▶ _WHAT THE TASK ASKS_:
Copy out the listing below exactly, please, and skip any pictures.

▶ _EXTRACTED ENTRIES_:

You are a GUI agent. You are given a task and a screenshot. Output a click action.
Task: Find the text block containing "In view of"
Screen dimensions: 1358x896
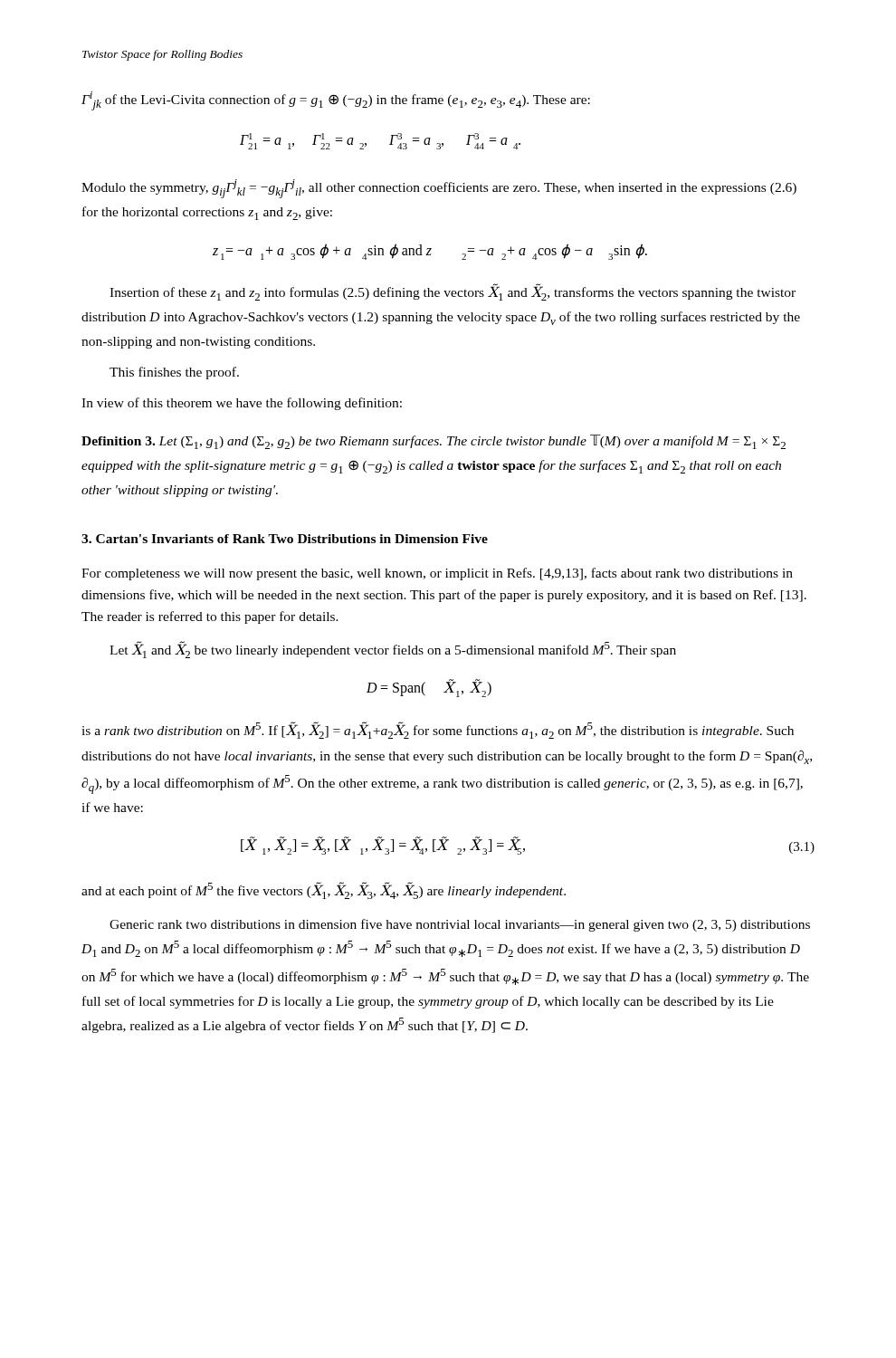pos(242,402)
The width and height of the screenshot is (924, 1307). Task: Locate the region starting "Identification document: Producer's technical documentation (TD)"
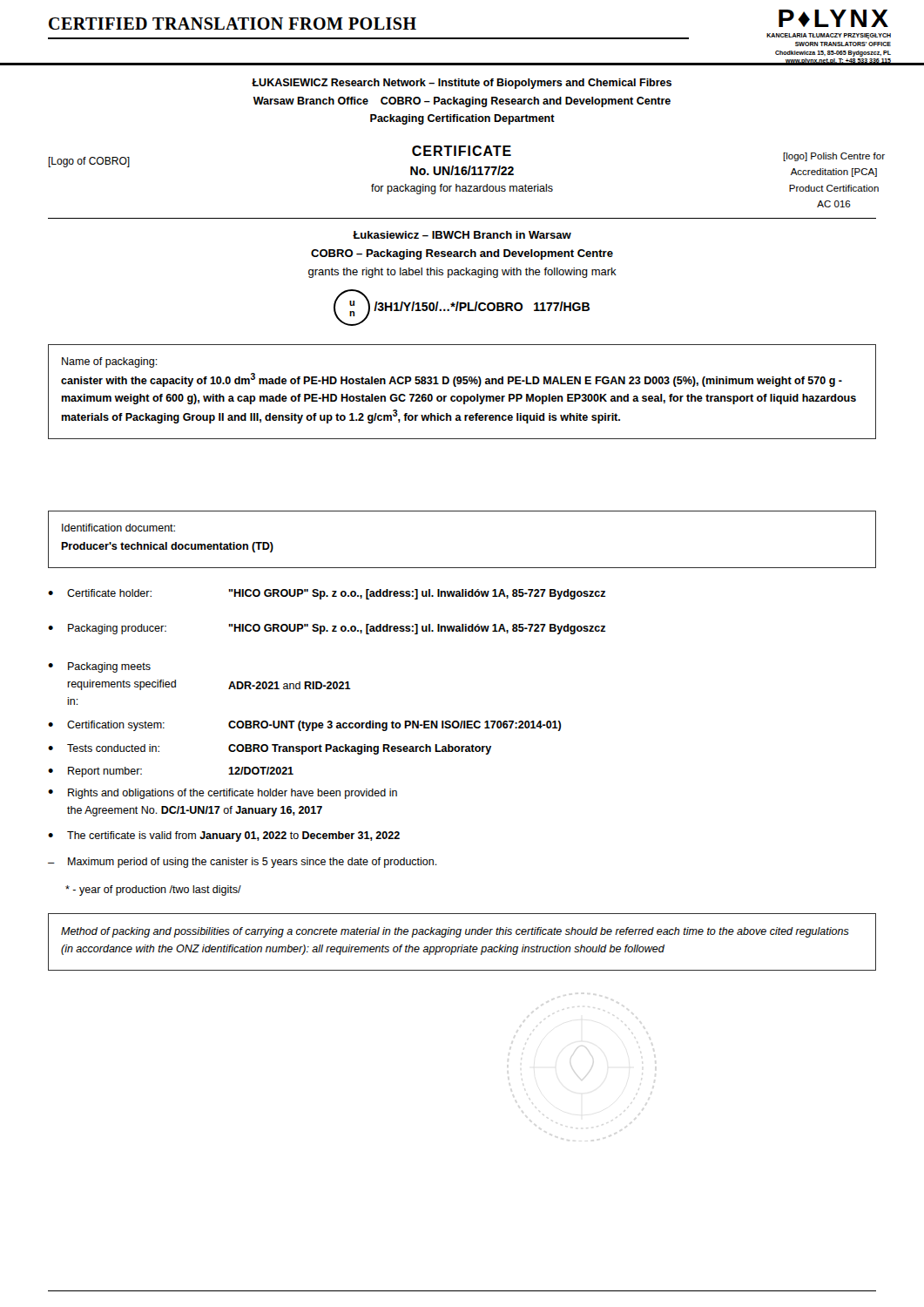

▶ _ANSWER AREA_:
You are a GUI agent. You are given a task and a screenshot. Output a click action.
Task: Find the text block containing "In view of"
Screen dimensions: 1358x896
pos(242,402)
The width and height of the screenshot is (924, 1307). Task: Locate the region starting "Identification document: Producer's technical documentation (TD)"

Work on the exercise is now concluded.